IIC Students Engage with Sustainable Agriculture
By Hannah Kipersztok, first-year MA student in international studies
When Cassie Vander Meer started the master's program in international and intercultural communication (IIC), she wasn't sure what her focus would be. She knew she loved to travel, she loved learning about other cultures, and, like most of us, she loved food. Kathryn McCauley, on the other hand, born and raised on her family's ranching business in Texas, came to IIC with deep roots in agriculture. She hoped to find a way to grow and nurture those roots into a global career. Both women have leveraged the flexibility of the IIC program to develop specialties in global agriculture and sustainability, and are now poised to enter a field of growing importance and opportunity.
In an era of Instagram famous #Foodies and the addicting "Chopped Junior" and "The Great British Baking Show," it's startling to think how rarely people think about or know where their food comes from, even though food is something we encounter every day and need to survive. In our developed economy, the process of acquiring food has become deeply disconnected from the process of growing and producing food.
Current large-scale food production makes the agriculture industry one of the leading contributors to climate change, an issue that affects the survival of all of Earth's inhabitants. According to a United Nations Report, the world's population is expected to increase to nearly 10 billion by 2050, which will result in a huge increase in agricultural demand. The same report highlights how this growing demand will lead to further competition for natural resources, more greenhouse gas emissions, and additional deforestation and land degradation.
These effects will continue to harm our environment, which is why both Vander Meer and McCauley have made it their mission to address these problems and work for positive change in the agriculture industry.
Vander Meer, a second-year student due to graduate in spring 2019, is specializing in strategic communication for global corporations or nonprofits. Her goal coming out of the program is to spread the word about the benefits of good agricultural practices and how many aspects of people's lives are affected by agriculture. She argues that bulk production, which has become necessary in order to keep up with consumer demand, has negatively impacted small-scale farmers and has increased health risks associated with food production, such as E. Coli.

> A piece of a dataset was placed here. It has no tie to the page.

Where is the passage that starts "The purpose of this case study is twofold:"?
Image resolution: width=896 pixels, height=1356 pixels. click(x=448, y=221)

Coming to these realizations, Vander Meer decided to take an internship at Slow Food USA, where she learned methods to combat the agricultural processes that are negatively affecting the environment and public health.

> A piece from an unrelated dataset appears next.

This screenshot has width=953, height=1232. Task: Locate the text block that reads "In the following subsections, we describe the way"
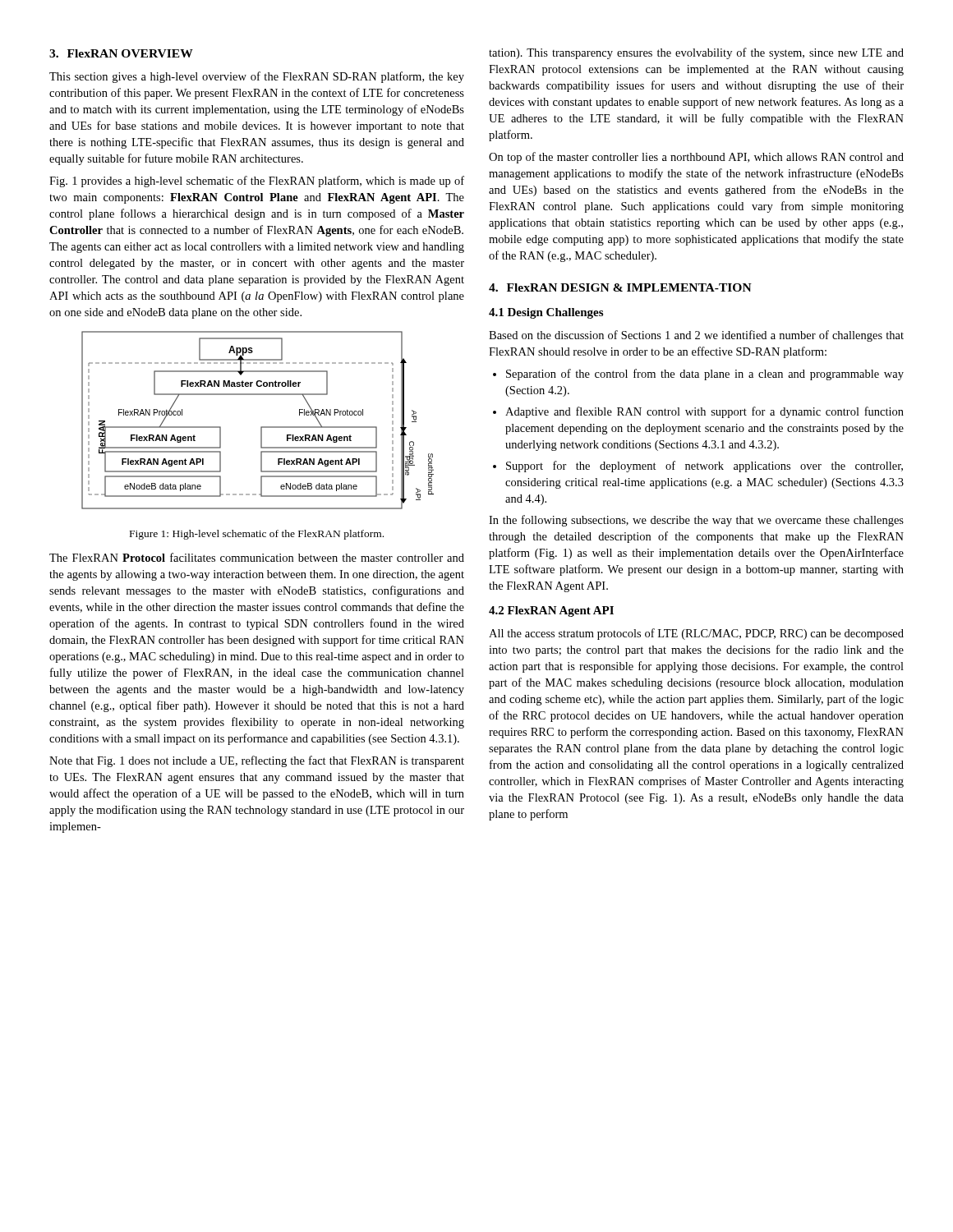696,553

Vander Meer was amazed by the work Slow Food USA is doing domestically and abroad. "Slow Food's international projects work to promote ground up development of sustainably grown farms in efforts to help developing countries establish agriculture programs that reach back to traditional growing practices instead of feeding into the big agricultural processes we see in many first-world countries."
Kathryn McCauley, a first-year student, hopes to work for the USDA or a similar organization in foreign agriculture service, primarily focusing on international agricultural relations. While earning her bachelor's in agricultural communication from Texas Tech, she noticed that the program was severely lacking in courses that had an international emphasis. Through the IIC program, McCauley is focusing her studies on this global aspect of agriculture, her deepest passion. She recently wrote a research paper on the relationship between famine and media coverage and has taken courses such as Agriculture and Sustainable Development and Food Security.
She plans to utilize the IIC program's internship requirement to work at an international organization with an agricultural mandate. Ultimately, Kathryn is interested in pursuing her PhD to research and study international agricultural communication and become a leader in this emerging field.
For both Vander Meer and McCauley, agriculture should be something we consider every day, as it is the source of all of the food we eat — and the leading cause of climate change. Unfortunately, agriculture is not a topic that usually gets a lot of attention. McCauley and Vander Meer hope to shift sentiments about agriculture by bridging their knowledge about international agriculture with the communication knowledge they have gained within the IIC program.